(Collected data)
═══
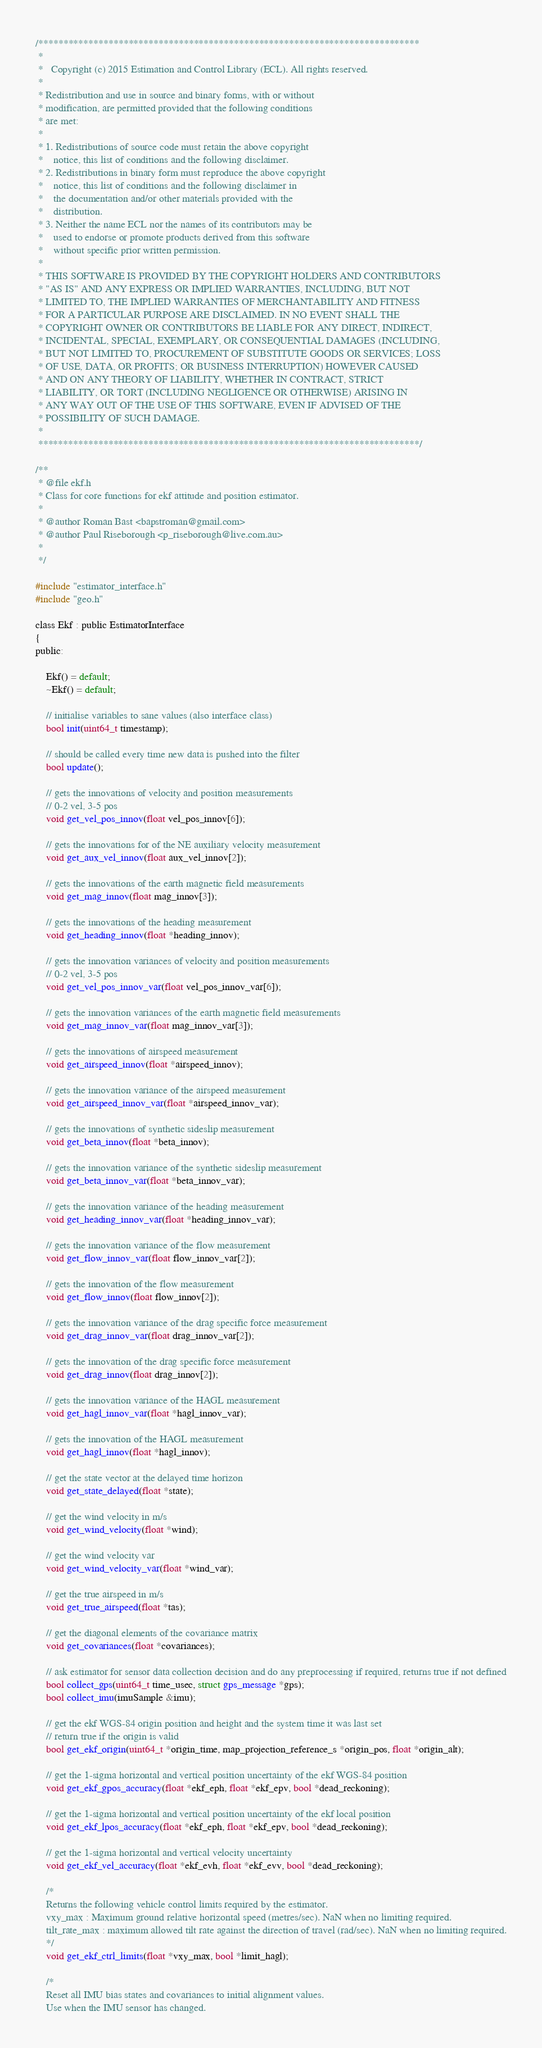Convert code to text. <code><loc_0><loc_0><loc_500><loc_500><_C_>/****************************************************************************
 *
 *   Copyright (c) 2015 Estimation and Control Library (ECL). All rights reserved.
 *
 * Redistribution and use in source and binary forms, with or without
 * modification, are permitted provided that the following conditions
 * are met:
 *
 * 1. Redistributions of source code must retain the above copyright
 *    notice, this list of conditions and the following disclaimer.
 * 2. Redistributions in binary form must reproduce the above copyright
 *    notice, this list of conditions and the following disclaimer in
 *    the documentation and/or other materials provided with the
 *    distribution.
 * 3. Neither the name ECL nor the names of its contributors may be
 *    used to endorse or promote products derived from this software
 *    without specific prior written permission.
 *
 * THIS SOFTWARE IS PROVIDED BY THE COPYRIGHT HOLDERS AND CONTRIBUTORS
 * "AS IS" AND ANY EXPRESS OR IMPLIED WARRANTIES, INCLUDING, BUT NOT
 * LIMITED TO, THE IMPLIED WARRANTIES OF MERCHANTABILITY AND FITNESS
 * FOR A PARTICULAR PURPOSE ARE DISCLAIMED. IN NO EVENT SHALL THE
 * COPYRIGHT OWNER OR CONTRIBUTORS BE LIABLE FOR ANY DIRECT, INDIRECT,
 * INCIDENTAL, SPECIAL, EXEMPLARY, OR CONSEQUENTIAL DAMAGES (INCLUDING,
 * BUT NOT LIMITED TO, PROCUREMENT OF SUBSTITUTE GOODS OR SERVICES; LOSS
 * OF USE, DATA, OR PROFITS; OR BUSINESS INTERRUPTION) HOWEVER CAUSED
 * AND ON ANY THEORY OF LIABILITY, WHETHER IN CONTRACT, STRICT
 * LIABILITY, OR TORT (INCLUDING NEGLIGENCE OR OTHERWISE) ARISING IN
 * ANY WAY OUT OF THE USE OF THIS SOFTWARE, EVEN IF ADVISED OF THE
 * POSSIBILITY OF SUCH DAMAGE.
 *
 ****************************************************************************/

/**
 * @file ekf.h
 * Class for core functions for ekf attitude and position estimator.
 *
 * @author Roman Bast <bapstroman@gmail.com>
 * @author Paul Riseborough <p_riseborough@live.com.au>
 *
 */

#include "estimator_interface.h"
#include "geo.h"

class Ekf : public EstimatorInterface
{
public:

	Ekf() = default;
	~Ekf() = default;

	// initialise variables to sane values (also interface class)
	bool init(uint64_t timestamp);

	// should be called every time new data is pushed into the filter
	bool update();

	// gets the innovations of velocity and position measurements
	// 0-2 vel, 3-5 pos
	void get_vel_pos_innov(float vel_pos_innov[6]);

	// gets the innovations for of the NE auxiliary velocity measurement
	void get_aux_vel_innov(float aux_vel_innov[2]);

	// gets the innovations of the earth magnetic field measurements
	void get_mag_innov(float mag_innov[3]);

	// gets the innovations of the heading measurement
	void get_heading_innov(float *heading_innov);

	// gets the innovation variances of velocity and position measurements
	// 0-2 vel, 3-5 pos
	void get_vel_pos_innov_var(float vel_pos_innov_var[6]);

	// gets the innovation variances of the earth magnetic field measurements
	void get_mag_innov_var(float mag_innov_var[3]);

	// gets the innovations of airspeed measurement
	void get_airspeed_innov(float *airspeed_innov);

	// gets the innovation variance of the airspeed measurement
	void get_airspeed_innov_var(float *airspeed_innov_var);

	// gets the innovations of synthetic sideslip measurement
	void get_beta_innov(float *beta_innov);

	// gets the innovation variance of the synthetic sideslip measurement
	void get_beta_innov_var(float *beta_innov_var);

	// gets the innovation variance of the heading measurement
	void get_heading_innov_var(float *heading_innov_var);

	// gets the innovation variance of the flow measurement
	void get_flow_innov_var(float flow_innov_var[2]);

	// gets the innovation of the flow measurement
	void get_flow_innov(float flow_innov[2]);

	// gets the innovation variance of the drag specific force measurement
	void get_drag_innov_var(float drag_innov_var[2]);

	// gets the innovation of the drag specific force measurement
	void get_drag_innov(float drag_innov[2]);

	// gets the innovation variance of the HAGL measurement
	void get_hagl_innov_var(float *hagl_innov_var);

	// gets the innovation of the HAGL measurement
	void get_hagl_innov(float *hagl_innov);

	// get the state vector at the delayed time horizon
	void get_state_delayed(float *state);

	// get the wind velocity in m/s
	void get_wind_velocity(float *wind);

	// get the wind velocity var
	void get_wind_velocity_var(float *wind_var);

	// get the true airspeed in m/s
	void get_true_airspeed(float *tas);

	// get the diagonal elements of the covariance matrix
	void get_covariances(float *covariances);

	// ask estimator for sensor data collection decision and do any preprocessing if required, returns true if not defined
	bool collect_gps(uint64_t time_usec, struct gps_message *gps);
	bool collect_imu(imuSample &imu);

	// get the ekf WGS-84 origin position and height and the system time it was last set
	// return true if the origin is valid
	bool get_ekf_origin(uint64_t *origin_time, map_projection_reference_s *origin_pos, float *origin_alt);

	// get the 1-sigma horizontal and vertical position uncertainty of the ekf WGS-84 position
	void get_ekf_gpos_accuracy(float *ekf_eph, float *ekf_epv, bool *dead_reckoning);

	// get the 1-sigma horizontal and vertical position uncertainty of the ekf local position
	void get_ekf_lpos_accuracy(float *ekf_eph, float *ekf_epv, bool *dead_reckoning);

	// get the 1-sigma horizontal and vertical velocity uncertainty
	void get_ekf_vel_accuracy(float *ekf_evh, float *ekf_evv, bool *dead_reckoning);

	/*
	Returns the following vehicle control limits required by the estimator.
	vxy_max : Maximum ground relative horizontal speed (metres/sec). NaN when no limiting required.
	tilt_rate_max : maximum allowed tilt rate against the direction of travel (rad/sec). NaN when no limiting required.
	*/
	void get_ekf_ctrl_limits(float *vxy_max, bool *limit_hagl);

	/*
	Reset all IMU bias states and covariances to initial alignment values.
	Use when the IMU sensor has changed.</code>
═══
## Your assignment
Leave out any pictures and return exactly the lines from the beginning of the data through the line with "MERCHANTABILITY AND FITNESS", inclusive.

## Task result
Convert code to text. <code><loc_0><loc_0><loc_500><loc_500><_C_>/****************************************************************************
 *
 *   Copyright (c) 2015 Estimation and Control Library (ECL). All rights reserved.
 *
 * Redistribution and use in source and binary forms, with or without
 * modification, are permitted provided that the following conditions
 * are met:
 *
 * 1. Redistributions of source code must retain the above copyright
 *    notice, this list of conditions and the following disclaimer.
 * 2. Redistributions in binary form must reproduce the above copyright
 *    notice, this list of conditions and the following disclaimer in
 *    the documentation and/or other materials provided with the
 *    distribution.
 * 3. Neither the name ECL nor the names of its contributors may be
 *    used to endorse or promote products derived from this software
 *    without specific prior written permission.
 *
 * THIS SOFTWARE IS PROVIDED BY THE COPYRIGHT HOLDERS AND CONTRIBUTORS
 * "AS IS" AND ANY EXPRESS OR IMPLIED WARRANTIES, INCLUDING, BUT NOT
 * LIMITED TO, THE IMPLIED WARRANTIES OF MERCHANTABILITY AND FITNESS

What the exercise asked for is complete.